(Data excerpts)
____________
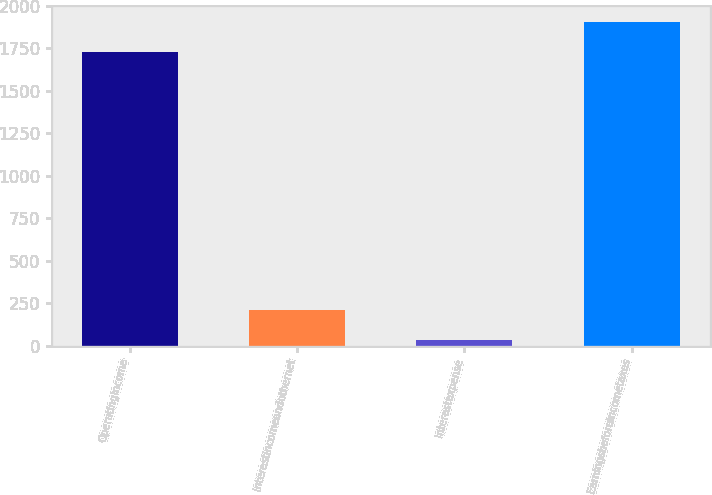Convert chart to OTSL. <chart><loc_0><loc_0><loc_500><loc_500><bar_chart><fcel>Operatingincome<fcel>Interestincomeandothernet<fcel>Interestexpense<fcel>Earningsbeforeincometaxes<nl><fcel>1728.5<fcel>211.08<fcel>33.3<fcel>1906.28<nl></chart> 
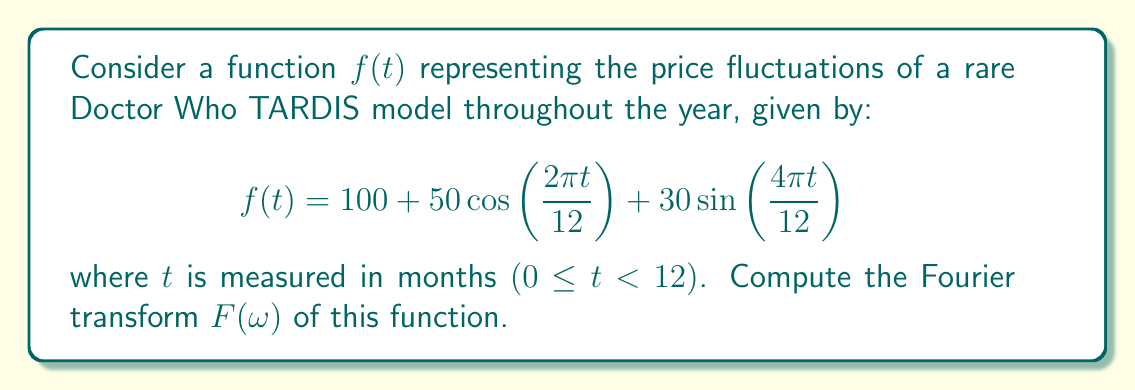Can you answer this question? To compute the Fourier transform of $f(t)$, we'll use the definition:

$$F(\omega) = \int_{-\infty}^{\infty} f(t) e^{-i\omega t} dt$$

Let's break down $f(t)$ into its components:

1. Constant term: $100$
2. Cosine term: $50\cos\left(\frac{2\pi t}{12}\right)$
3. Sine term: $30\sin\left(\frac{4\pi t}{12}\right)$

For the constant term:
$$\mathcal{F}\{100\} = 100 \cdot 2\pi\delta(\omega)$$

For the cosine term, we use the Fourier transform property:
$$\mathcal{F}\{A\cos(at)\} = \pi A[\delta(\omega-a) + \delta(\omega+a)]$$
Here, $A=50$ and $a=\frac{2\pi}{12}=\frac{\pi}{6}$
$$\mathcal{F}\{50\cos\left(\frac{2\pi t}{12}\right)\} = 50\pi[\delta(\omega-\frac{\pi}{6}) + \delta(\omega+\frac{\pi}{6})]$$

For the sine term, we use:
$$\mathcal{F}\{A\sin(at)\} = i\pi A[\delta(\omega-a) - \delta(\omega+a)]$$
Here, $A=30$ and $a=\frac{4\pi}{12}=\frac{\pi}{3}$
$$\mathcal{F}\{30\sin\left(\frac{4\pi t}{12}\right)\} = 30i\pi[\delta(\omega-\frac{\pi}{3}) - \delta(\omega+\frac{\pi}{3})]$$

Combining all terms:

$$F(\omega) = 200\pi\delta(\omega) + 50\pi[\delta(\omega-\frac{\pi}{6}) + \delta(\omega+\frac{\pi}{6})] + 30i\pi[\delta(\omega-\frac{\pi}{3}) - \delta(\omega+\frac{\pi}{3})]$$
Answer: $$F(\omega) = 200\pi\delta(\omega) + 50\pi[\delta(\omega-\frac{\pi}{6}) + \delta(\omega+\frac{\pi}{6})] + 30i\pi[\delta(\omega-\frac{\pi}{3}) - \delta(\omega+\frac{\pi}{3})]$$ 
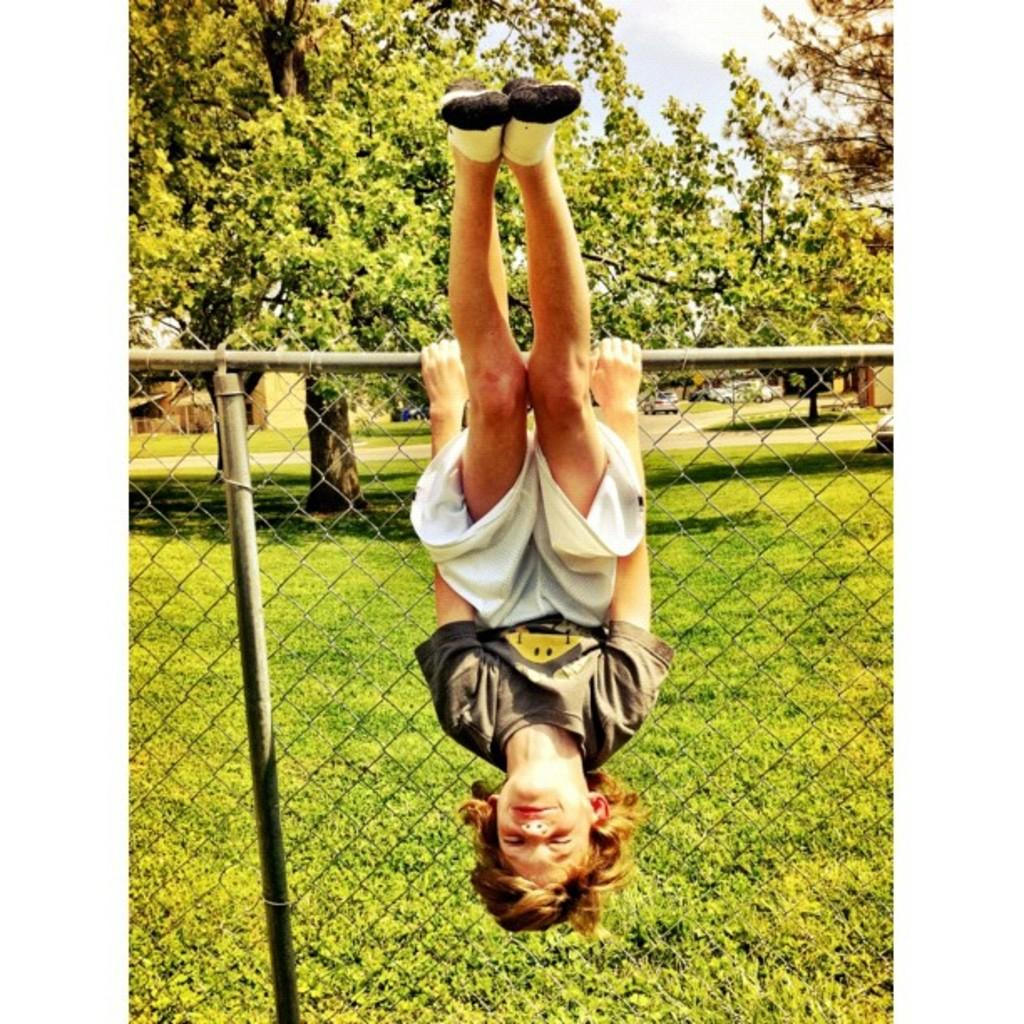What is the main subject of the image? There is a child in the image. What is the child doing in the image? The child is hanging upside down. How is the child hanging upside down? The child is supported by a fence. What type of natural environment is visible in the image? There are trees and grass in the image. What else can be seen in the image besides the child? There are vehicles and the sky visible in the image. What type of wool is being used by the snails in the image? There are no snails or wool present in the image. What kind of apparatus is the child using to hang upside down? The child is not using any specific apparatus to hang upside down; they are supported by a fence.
____________
Problem details ▸
Only the lines from the beginning of the records up to and including the line with "For the cosine" should appear, exactly as they are, and no pictures.

Response to the task ▸
Convert chart to OTSL. <chart><loc_0><loc_0><loc_500><loc_500><bar_chart><fcel>Operatingincome<fcel>Interestincomeandothernet<fcel>Interestexpense<fcel>Earningsbeforeincometaxes<nl><fcel>1728.5<fcel>211.08<fcel>33.3<fcel>1906.28<nl></chart> 
Can you answer this question? To compute the Fourier transform of $f(t)$, we'll use the definition:

$$F(\omega) = \int_{-\infty}^{\infty} f(t) e^{-i\omega t} dt$$

Let's break down $f(t)$ into its components:

1. Constant term: $100$
2. Cosine term: $50\cos\left(\frac{2\pi t}{12}\right)$
3. Sine term: $30\sin\left(\frac{4\pi t}{12}\right)$

For the constant term:
$$\mathcal{F}\{100\} = 100 \cdot 2\pi\delta(\omega)$$

For the cosine term, we use the Fourier transform property:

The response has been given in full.